### DATA RECORDS

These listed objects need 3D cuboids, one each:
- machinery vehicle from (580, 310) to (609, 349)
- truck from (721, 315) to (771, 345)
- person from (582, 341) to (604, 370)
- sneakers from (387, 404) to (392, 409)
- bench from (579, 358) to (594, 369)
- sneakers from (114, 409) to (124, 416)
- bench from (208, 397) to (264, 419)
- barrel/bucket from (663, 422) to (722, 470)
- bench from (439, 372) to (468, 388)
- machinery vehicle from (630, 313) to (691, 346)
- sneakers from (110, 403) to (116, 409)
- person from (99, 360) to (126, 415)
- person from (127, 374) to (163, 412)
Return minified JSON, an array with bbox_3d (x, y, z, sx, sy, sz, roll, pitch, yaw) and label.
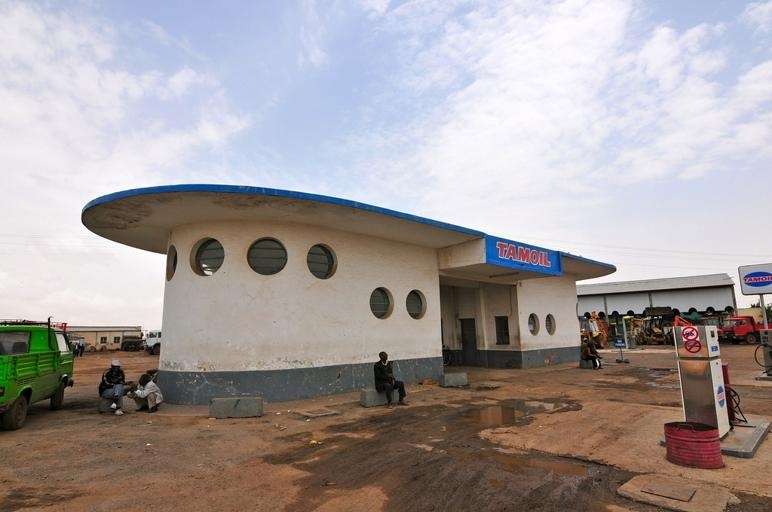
[{"bbox_3d":[16.930,5.848,33.738,4.591,2.668,1.382,13,-19,-40],"label":"machinery vehicle"},{"bbox_3d":[29.235,6.293,34.508,2.807,2.274,1.583,-1,-1,22],"label":"truck"},{"bbox_3d":[10.040,4.904,20.380,0.825,1.291,1.030,-1,-1,24],"label":"person"},{"bbox_3d":[0.118,4.515,12.392,0.176,0.051,0.346,0,-2,-4],"label":"sneakers"},{"bbox_3d":[9.854,5.362,20.511,0.532,0.293,0.468,4,-6,-36],"label":"bench"},{"bbox_3d":[-7.563,4.491,11.818,0.285,0.119,0.133,0,-2,27],"label":"sneakers"},{"bbox_3d":[-4.103,4.185,11.333,1.360,0.523,0.271,0,-1,-8],"label":"bench"},{"bbox_3d":[5.910,3.721,8.057,0.520,0.697,0.852,22,-24,-15],"label":"barrel/bucket"},{"bbox_3d":[2.614,4.686,15.507,1.142,0.441,0.534,1,-2,-36],"label":"bench"},{"bbox_3d":[25.731,7.201,40.254,3.163,2.746,4.723,-1,-2,29],"label":"machinery vehicle"},{"bbox_3d":[-7.891,4.374,12.023,0.134,0.151,0.114,-42,15,8],"label":"sneakers"},{"bbox_3d":[-8.060,3.883,12.287,0.645,1.560,1.586,0,-1,-32],"label":"person"},{"bbox_3d":[-7.029,4.054,12.274,1.000,1.064,0.545,-1,-1,28],"label":"person"}]
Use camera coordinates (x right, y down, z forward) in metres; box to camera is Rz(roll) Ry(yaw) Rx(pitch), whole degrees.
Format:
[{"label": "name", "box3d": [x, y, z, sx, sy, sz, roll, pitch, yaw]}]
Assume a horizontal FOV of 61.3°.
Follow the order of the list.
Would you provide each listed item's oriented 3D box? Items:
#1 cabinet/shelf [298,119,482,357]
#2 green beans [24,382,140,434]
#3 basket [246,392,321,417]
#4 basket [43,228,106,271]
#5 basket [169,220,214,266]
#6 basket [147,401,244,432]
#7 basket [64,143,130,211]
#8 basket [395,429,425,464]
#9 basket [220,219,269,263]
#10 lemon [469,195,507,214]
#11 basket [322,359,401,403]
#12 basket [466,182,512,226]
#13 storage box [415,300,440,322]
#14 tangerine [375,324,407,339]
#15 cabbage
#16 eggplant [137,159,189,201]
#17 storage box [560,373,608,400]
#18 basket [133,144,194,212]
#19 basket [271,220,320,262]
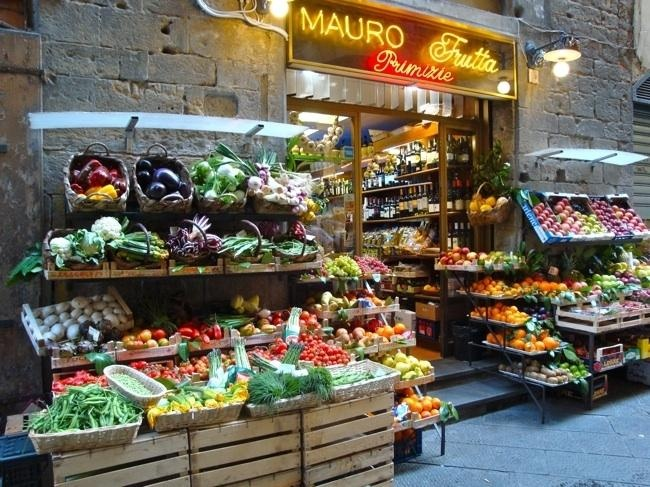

### TASK STATEMENT
Every entry above needs to be duplicated exactly, without its images.

### FINISHED TASK
These listed objects need 3D cuboids, one each:
- machinery vehicle from (580, 310) to (609, 349)
- truck from (721, 315) to (771, 345)
- person from (582, 341) to (604, 370)
- sneakers from (387, 404) to (392, 409)
- bench from (579, 358) to (594, 369)
- sneakers from (114, 409) to (124, 416)
- bench from (208, 397) to (264, 419)
- barrel/bucket from (663, 422) to (722, 470)
- bench from (439, 372) to (468, 388)
- machinery vehicle from (630, 313) to (691, 346)
- sneakers from (110, 403) to (116, 409)
- person from (99, 360) to (126, 415)
- person from (127, 374) to (163, 412)
Return minified JSON, an array with bbox_3d (x, y, z, sx, sy, sz, roll, pitch, yaw) and label.
[{"bbox_3d":[16.930,5.848,33.738,4.591,2.668,1.382,13,-19,-40],"label":"machinery vehicle"},{"bbox_3d":[29.235,6.293,34.508,2.807,2.274,1.583,-1,-1,22],"label":"truck"},{"bbox_3d":[10.040,4.904,20.380,0.825,1.291,1.030,-1,-1,24],"label":"person"},{"bbox_3d":[0.118,4.515,12.392,0.176,0.051,0.346,0,-2,-4],"label":"sneakers"},{"bbox_3d":[9.854,5.362,20.511,0.532,0.293,0.468,4,-6,-36],"label":"bench"},{"bbox_3d":[-7.563,4.491,11.818,0.285,0.119,0.133,0,-2,27],"label":"sneakers"},{"bbox_3d":[-4.103,4.185,11.333,1.360,0.523,0.271,0,-1,-8],"label":"bench"},{"bbox_3d":[5.910,3.721,8.057,0.520,0.697,0.852,22,-24,-15],"label":"barrel/bucket"},{"bbox_3d":[2.614,4.686,15.507,1.142,0.441,0.534,1,-2,-36],"label":"bench"},{"bbox_3d":[25.731,7.201,40.254,3.163,2.746,4.723,-1,-2,29],"label":"machinery vehicle"},{"bbox_3d":[-7.891,4.374,12.023,0.134,0.151,0.114,-42,15,8],"label":"sneakers"},{"bbox_3d":[-8.060,3.883,12.287,0.645,1.560,1.586,0,-1,-32],"label":"person"},{"bbox_3d":[-7.029,4.054,12.274,1.000,1.064,0.545,-1,-1,28],"label":"person"}]
Use camera coordinates (x right, y down, z forward) in metres; box to camera is Rz(roll) Ry(yaw) Rx(pitch), whole degrees.
Format:
[{"label": "name", "box3d": [x, y, z, sx, sy, sz, roll, pitch, yaw]}]
Assume a horizontal FOV of 61.3°.
Follow the order of the list.
Would you provide each listed item's oriented 3D box? Items:
#1 cabinet/shelf [298,119,482,357]
#2 green beans [24,382,140,434]
#3 basket [246,392,321,417]
#4 basket [43,228,106,271]
#5 basket [169,220,214,266]
#6 basket [147,401,244,432]
#7 basket [64,143,130,211]
#8 basket [395,429,425,464]
#9 basket [220,219,269,263]
#10 lemon [469,195,507,214]
#11 basket [322,359,401,403]
#12 basket [466,182,512,226]
#13 storage box [415,300,440,322]
#14 tangerine [375,324,407,339]
#15 cabbage
#16 eggplant [137,159,189,201]
#17 storage box [560,373,608,400]
#18 basket [133,144,194,212]
#19 basket [271,220,320,262]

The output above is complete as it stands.